Please state how many lines below include the word "Miami"; the reply should be the number only.

======== Entries provided ========

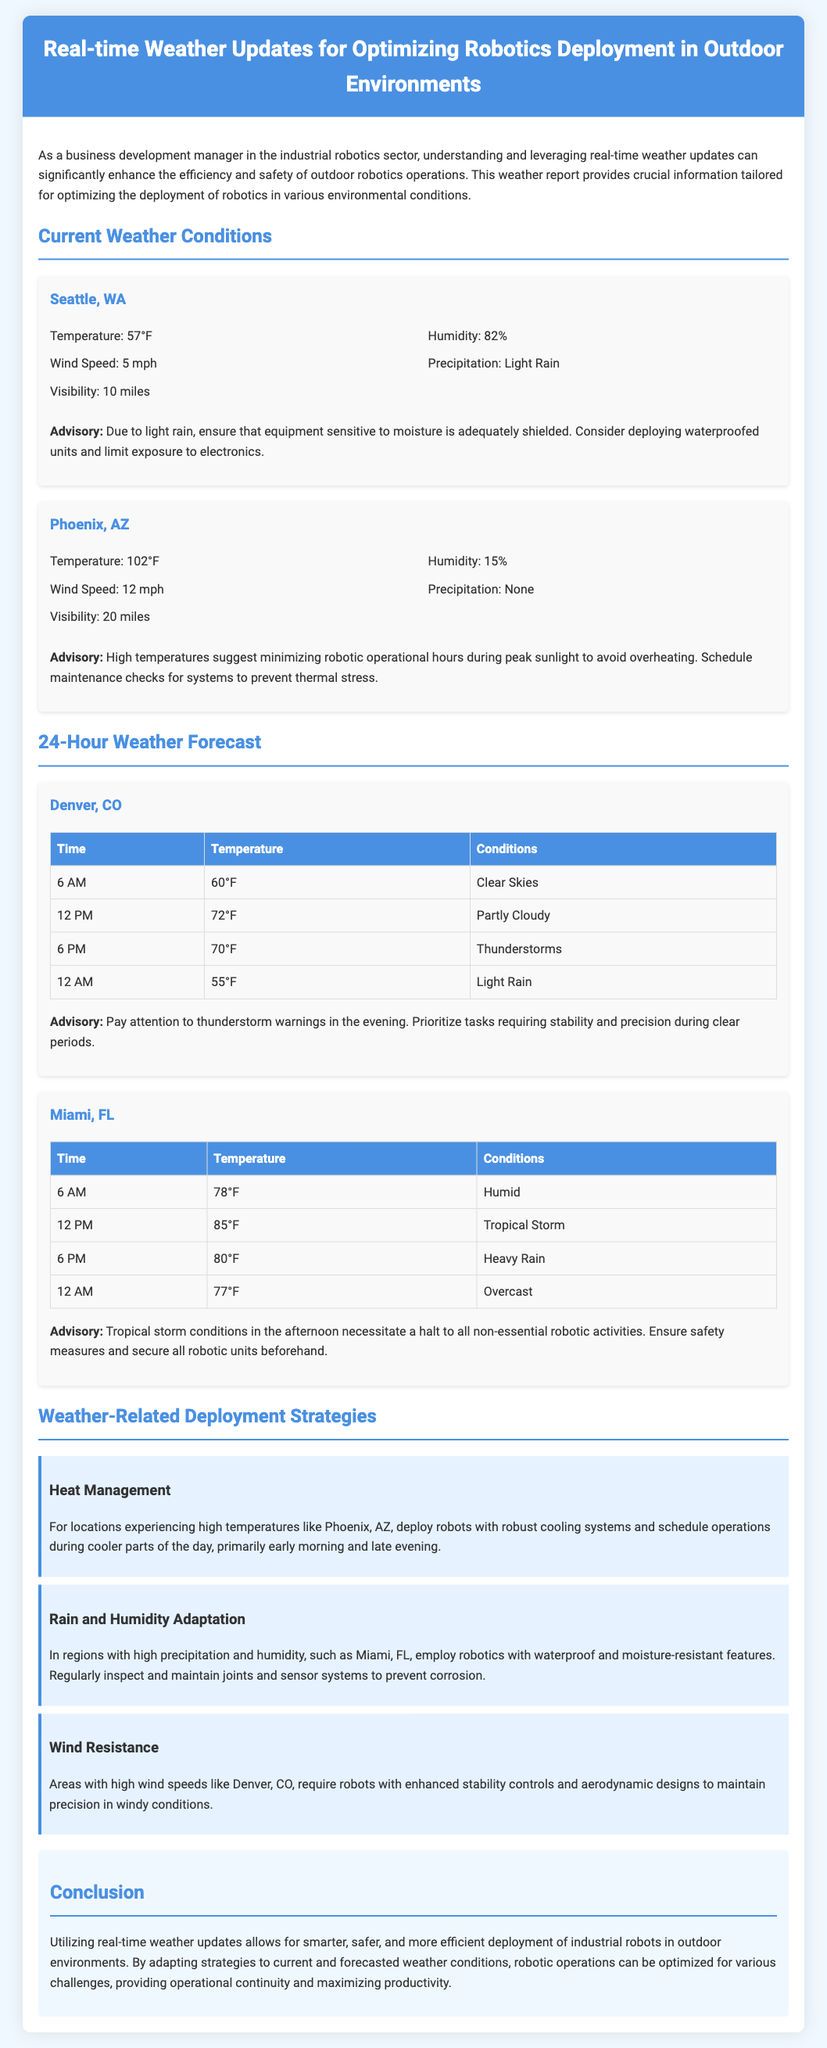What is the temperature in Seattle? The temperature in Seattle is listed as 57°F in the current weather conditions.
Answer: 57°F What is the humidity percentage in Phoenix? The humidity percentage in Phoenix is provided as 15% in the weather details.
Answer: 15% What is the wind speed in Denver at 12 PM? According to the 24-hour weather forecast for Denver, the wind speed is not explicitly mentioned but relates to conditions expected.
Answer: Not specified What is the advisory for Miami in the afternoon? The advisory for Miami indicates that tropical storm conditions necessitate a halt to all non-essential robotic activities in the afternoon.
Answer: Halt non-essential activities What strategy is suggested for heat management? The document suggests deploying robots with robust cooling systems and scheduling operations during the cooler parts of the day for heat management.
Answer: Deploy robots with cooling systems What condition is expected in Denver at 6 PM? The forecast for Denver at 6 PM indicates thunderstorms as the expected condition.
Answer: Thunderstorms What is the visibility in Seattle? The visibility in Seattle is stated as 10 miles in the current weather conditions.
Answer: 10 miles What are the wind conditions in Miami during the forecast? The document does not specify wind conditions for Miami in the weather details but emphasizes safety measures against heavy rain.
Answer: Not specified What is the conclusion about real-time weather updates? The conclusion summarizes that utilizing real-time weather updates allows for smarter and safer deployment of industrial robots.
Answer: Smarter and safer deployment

========

### Expected answer
2